Ameliyat sırasında sinirlerin işlevlerini devamlı olarak gösteren nöromonitorizasyon işlemi ülkemize 4-5 yıl önce gelmiş ve bugün artık yaygın olarak kullanılmaktadır. Böylelikle ameliyat sırasında sinir yaralanmasına neden olabilecek herhangi bir işlemin yarattığı etki anında anlaşılmakta ve gerekli müdahale yapılmaktadır. Nöromonitorizasyon tekniği daha önceleri zaman zaman felç ile sonlanabilecek bu ameliyatların emniyetini ciddi oranda arttırmış ve bir zamanlar felç korkusuyla yapılamayan ameliyatların günümüzde rahatlıkla uygulanabilmesine olanak sağlamıştır. Bu teknik sayesinde komplike eğrilikler artık düzeltilebilmektedir. 

Skolyoz ameliyatları ile ilgili en önemli sorunlardan birisi de omurganın sabitlenip belli kısımda omurga hareketliliğinin ortadan kalkmasıdır. Omurga cerrahlarının dondurma işlemi yapmadan, omurganın büyümesine ve hareketli kalmasına izin verecek bir düzeltme tekniği ile ilgili çalışmaları yavaş yavaş meyvelerini vermeye başlamıştır.
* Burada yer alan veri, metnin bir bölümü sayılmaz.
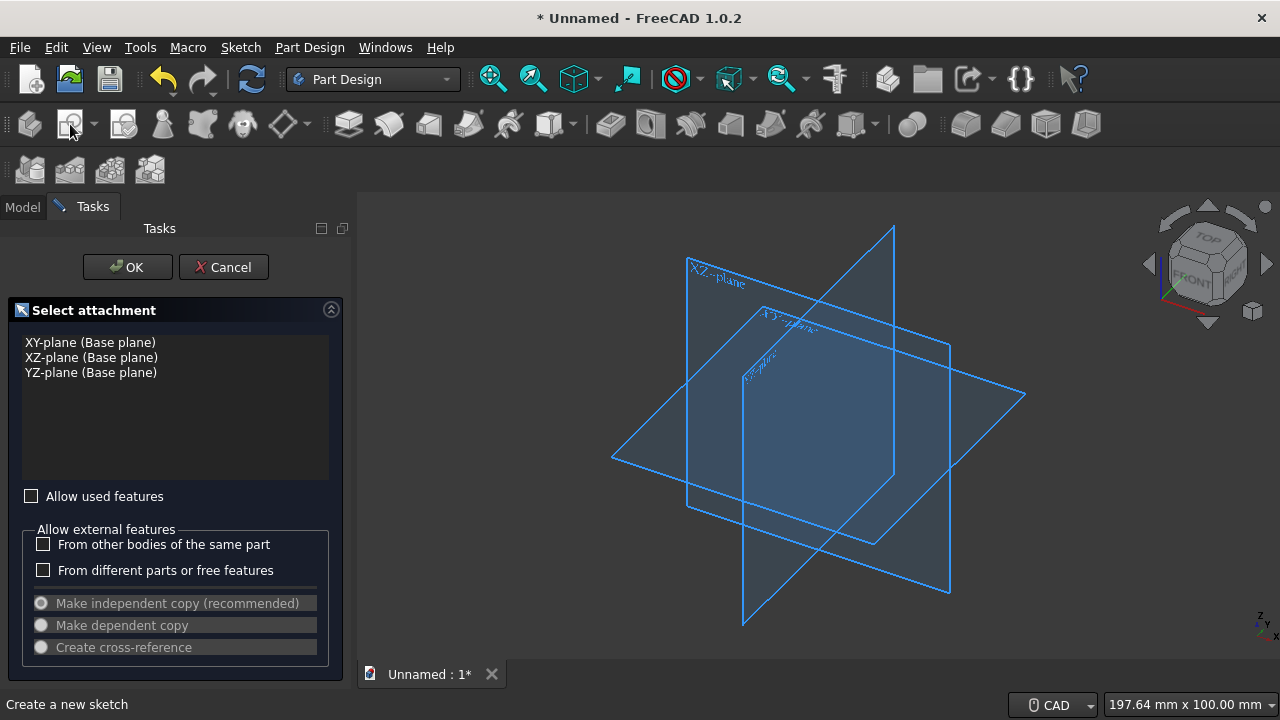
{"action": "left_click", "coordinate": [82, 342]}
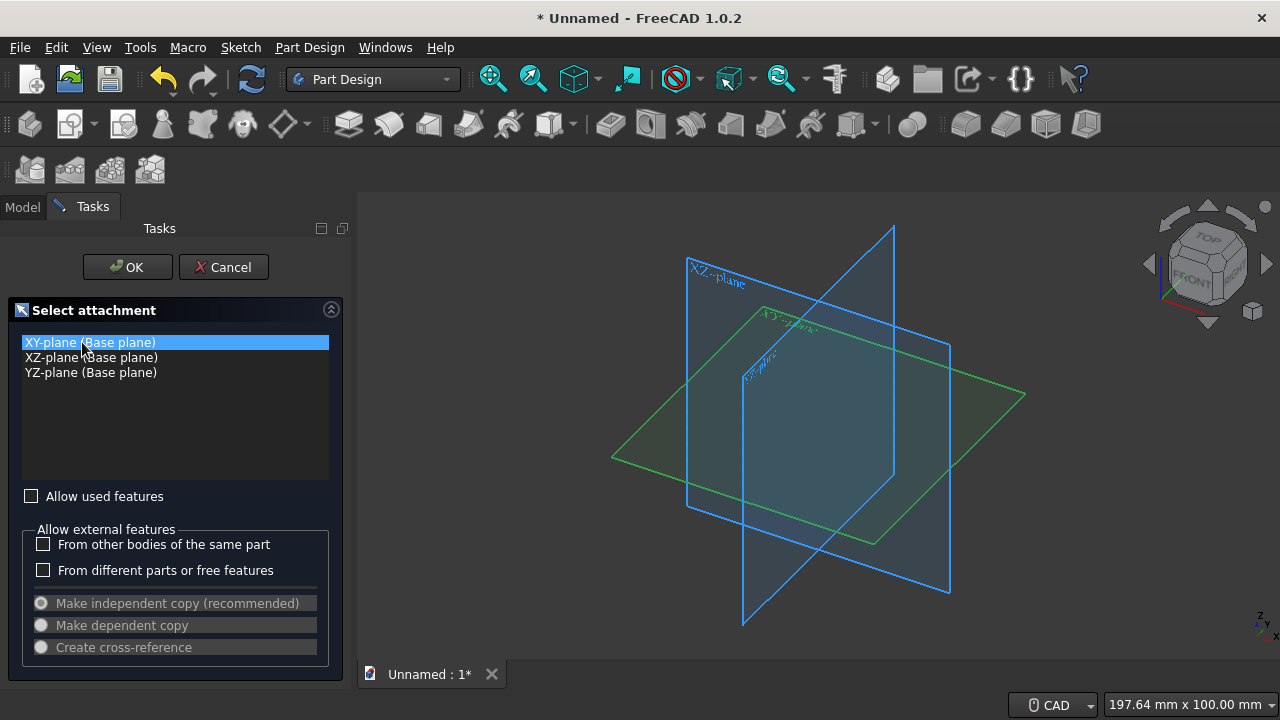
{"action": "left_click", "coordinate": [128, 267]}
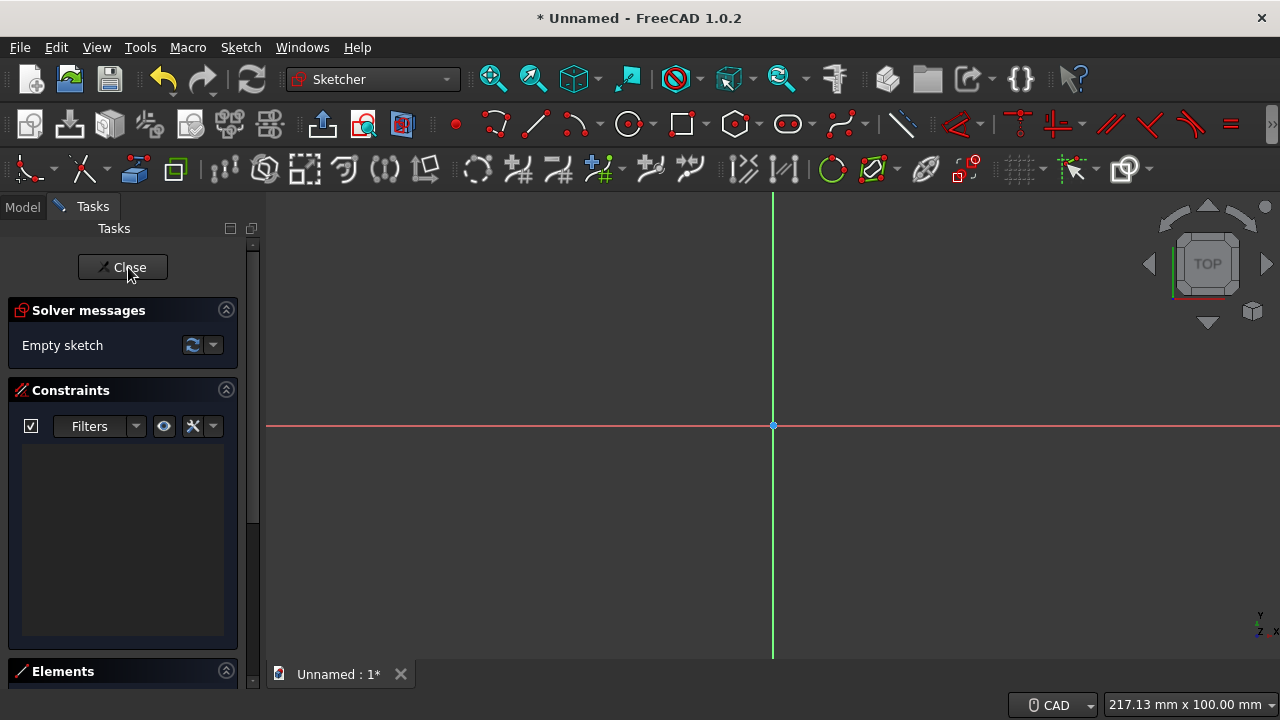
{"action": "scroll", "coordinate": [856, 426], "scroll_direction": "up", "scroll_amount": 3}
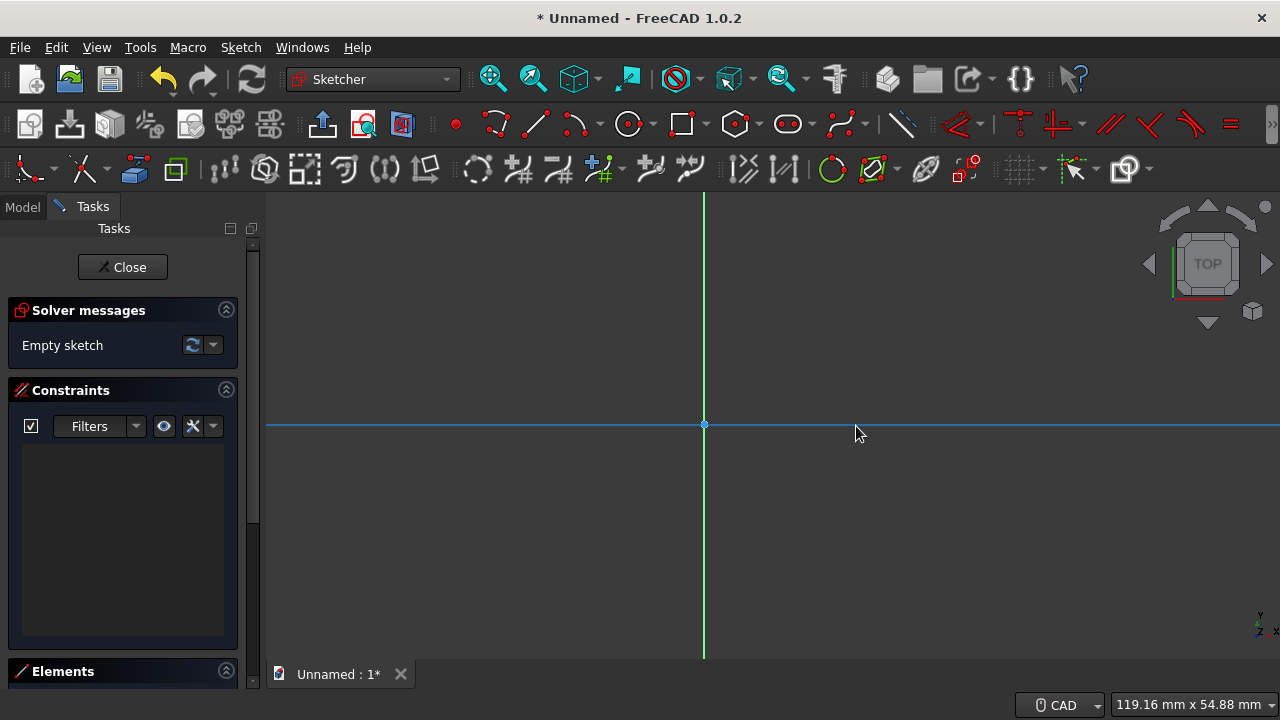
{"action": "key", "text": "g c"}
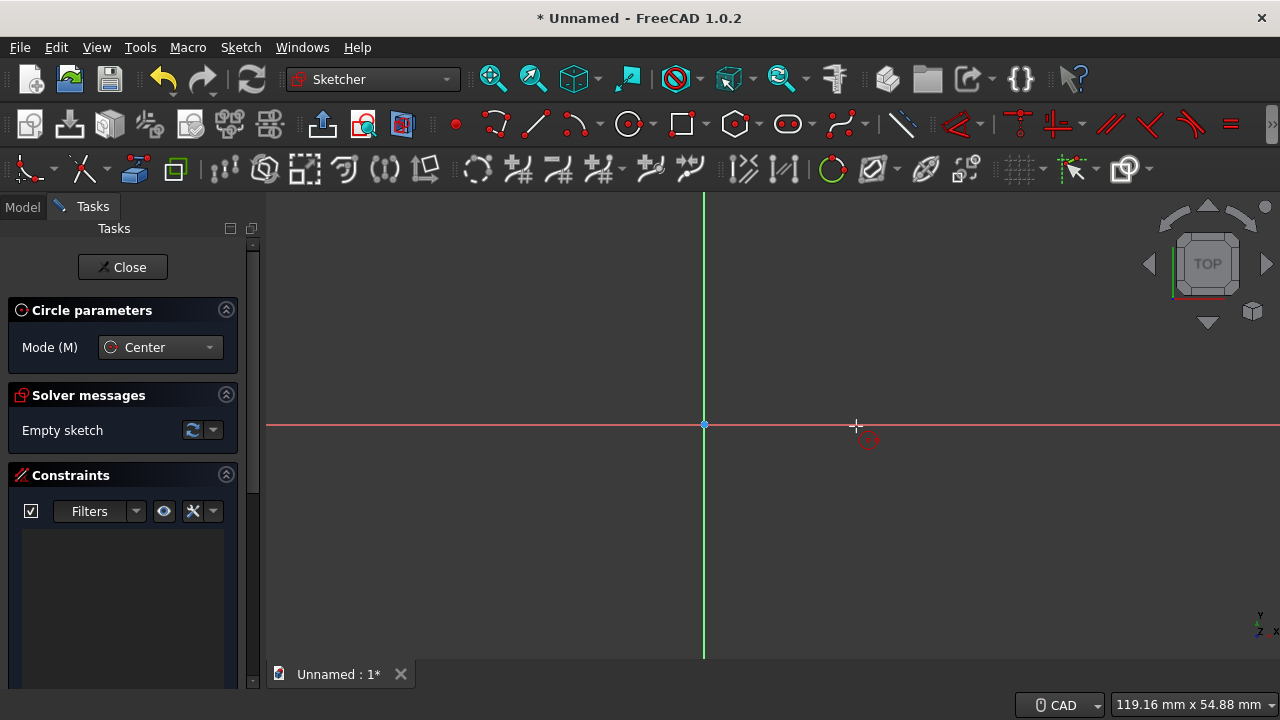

Omurgasında skolyoz olup halen büyüme potansiyeli olan hastalarda “gerdirme yöntemi” olarak adlandırılan bir yöntem geliştirilmiştir. Bu yöntemde sırt eğriliklerinin dış bükey tarafına endoskopik girişimle yandan vida konmakta ve bu vidalar kalın bir ip ile bağlanıp gerdirilerek bir miktar düzelme sağlanmakta ve eğriliğin dış bükey tarafının büyümesi engellenmektedir. Böylelikle iç bükey taraf büyümeye devam ederken dış bükey tarafın büyümesi vidalara bağlı ip sayesinde durmakta ve zaman içinde eğrilik kendiliğinden düzelmektedir.

Bu yöntemin diğer avantajı da vidaları tutan yapının bir platin değil ip olması ve böylelikle ameliyat edilen kısmın hareketliliğinin devam etmesidir. Bu yöntem dondurma yapılmaksızın eğrilik düzelmesi sağladığı, hareketi yok etmediği ve büyümeyi bozmadığı için skolyoz tedavisinde devrim niteliğinde bir tedavi yöntemidir.